La violence de l’échec scolaire

le regard de françoise guédon et axel rivs

La question de l’échec solaire est complexe. Elle renvoie inéluctablement à celle de l’insertion sociale et professionnelle.

Il n’y a pas si longtemps encore on disait d’un enfant au parcours scolaire chaotique ou incertain « qu’il n’était pas fait pour les études ». Ce n’était pas seulement par commodité de langage ou encore

par une sourde volonté inconsciente d’ignorer la question des apprentissages, cela traduisait également une absence

d’inquiétude quant à l’avenir professionnel des enfants concernés. Les « trente glorieuses » et leurs besoins croissants en main-d’œuvre

non qualifiée étaient là pour assurer des débouchés professionnels très ouverts et une certaine mobilité hiérarchique dans l’entreprise.

Aujourd’hui les choses ont radicalement changé.

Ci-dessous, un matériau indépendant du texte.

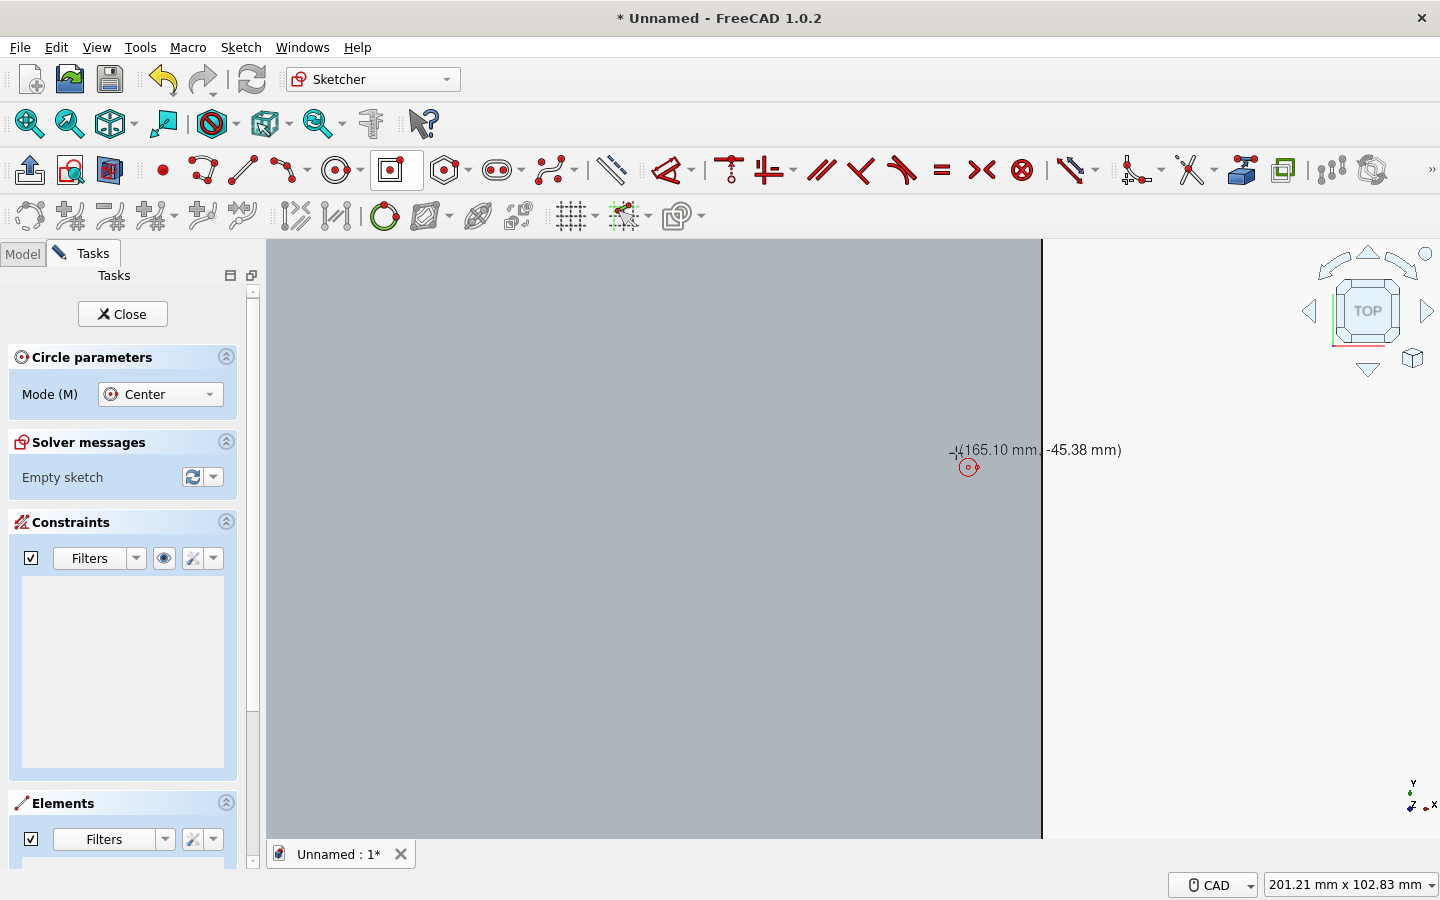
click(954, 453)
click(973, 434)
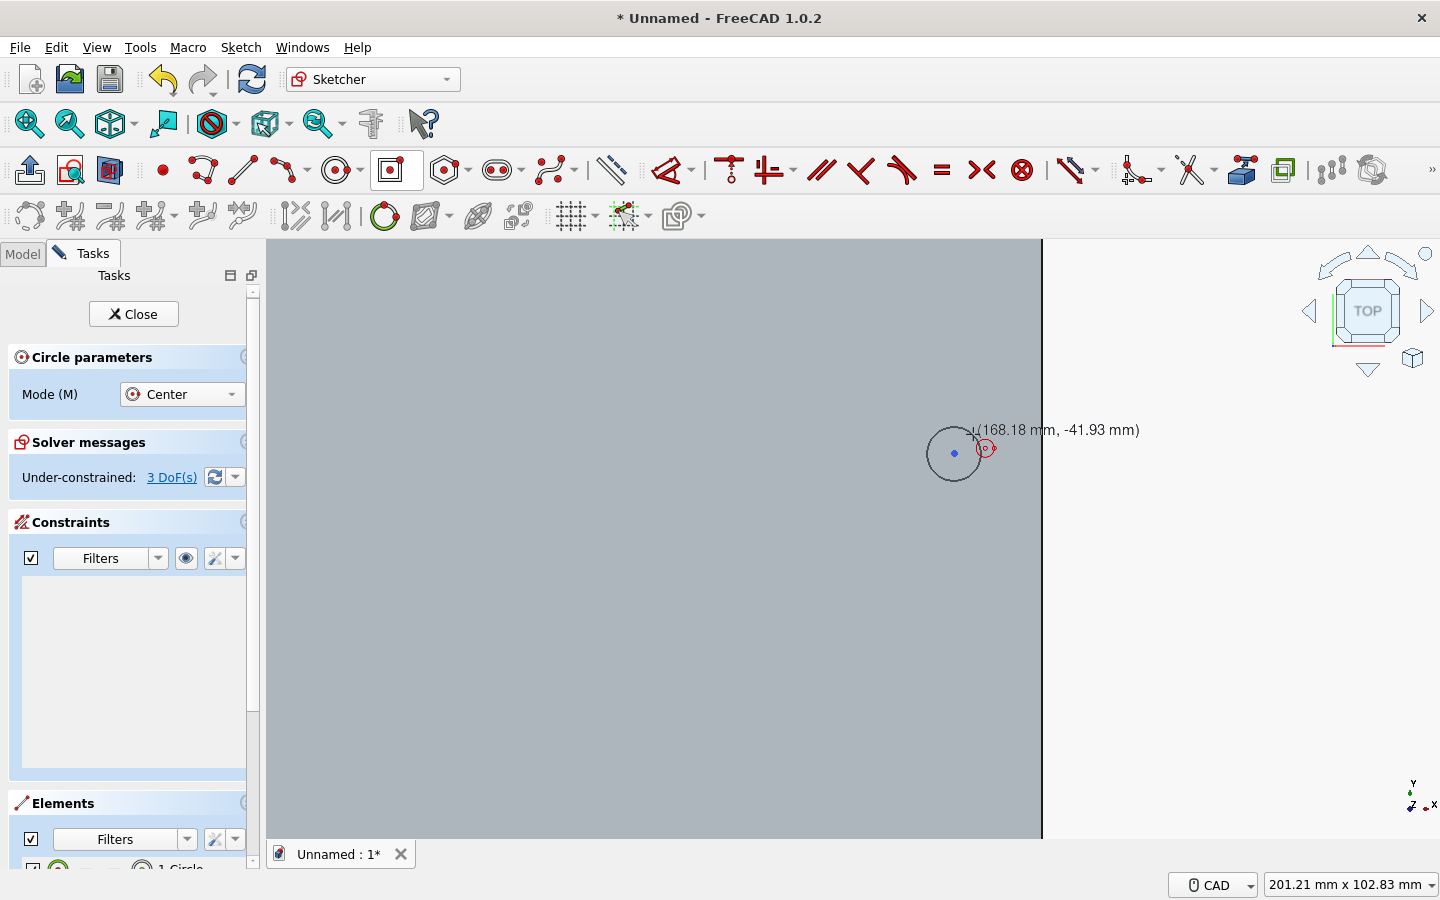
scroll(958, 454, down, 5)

L’échec scolaire et les obstacles infranchissables que le marché du travail dresse devant ceux qui n’ont aucun diplôme ont bouleversé la donne.

Il est devenu synonyme d’exclusion. Comment dépasser cette situation ? Certainement pas en entretenant, en amont du

lycée, l’illusion de la réussite. Personne n’est dupe, à commencer par les intéressés eux-mêmes. Une

telle attitude ne fait que générer une « autre » violence : celle de l’indifférence citoyenne.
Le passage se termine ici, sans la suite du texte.